What is needed:
Every line in the material below that includes "size" should be copied.

Provided data:
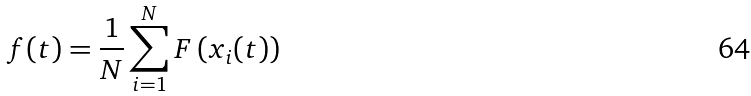Convert formula to latex. <formula><loc_0><loc_0><loc_500><loc_500>f ( t ) = \frac { 1 } { N } \sum _ { i = 1 } ^ { N } F \left ( x _ { i } ( t ) \right )</formula> 
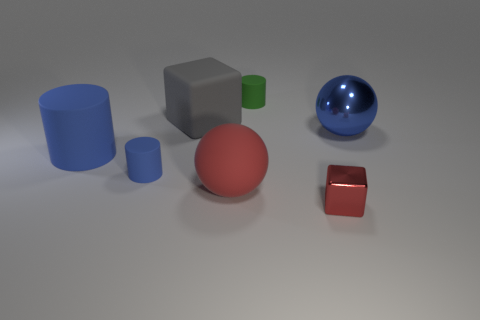What material is the tiny object that is both in front of the green cylinder and to the right of the red matte ball?
Ensure brevity in your answer.  Metal. Are the cylinder that is right of the gray rubber block and the large ball that is to the left of the blue metal thing made of the same material?
Your answer should be very brief. Yes. What size is the gray rubber object?
Offer a very short reply. Large. There is a shiny object that is the same shape as the red matte object; what is its size?
Offer a very short reply. Large. What number of tiny blue rubber cylinders are in front of the tiny blue cylinder?
Keep it short and to the point. 0. There is a tiny cylinder that is behind the small matte cylinder in front of the metal sphere; what is its color?
Keep it short and to the point. Green. Are there any other things that are the same shape as the large metal thing?
Make the answer very short. Yes. Are there the same number of red matte balls behind the tiny red metal thing and large gray matte cubes on the left side of the small blue matte cylinder?
Ensure brevity in your answer.  No. What number of spheres are either big metallic things or small green things?
Offer a terse response. 1. How many other things are made of the same material as the big red object?
Make the answer very short. 4.

Written response:
Your answer should be very brief. Yes. What size is the gray rubber object?
Offer a very short reply. Large. There is a shiny object that is the same shape as the red matte object; what is its size?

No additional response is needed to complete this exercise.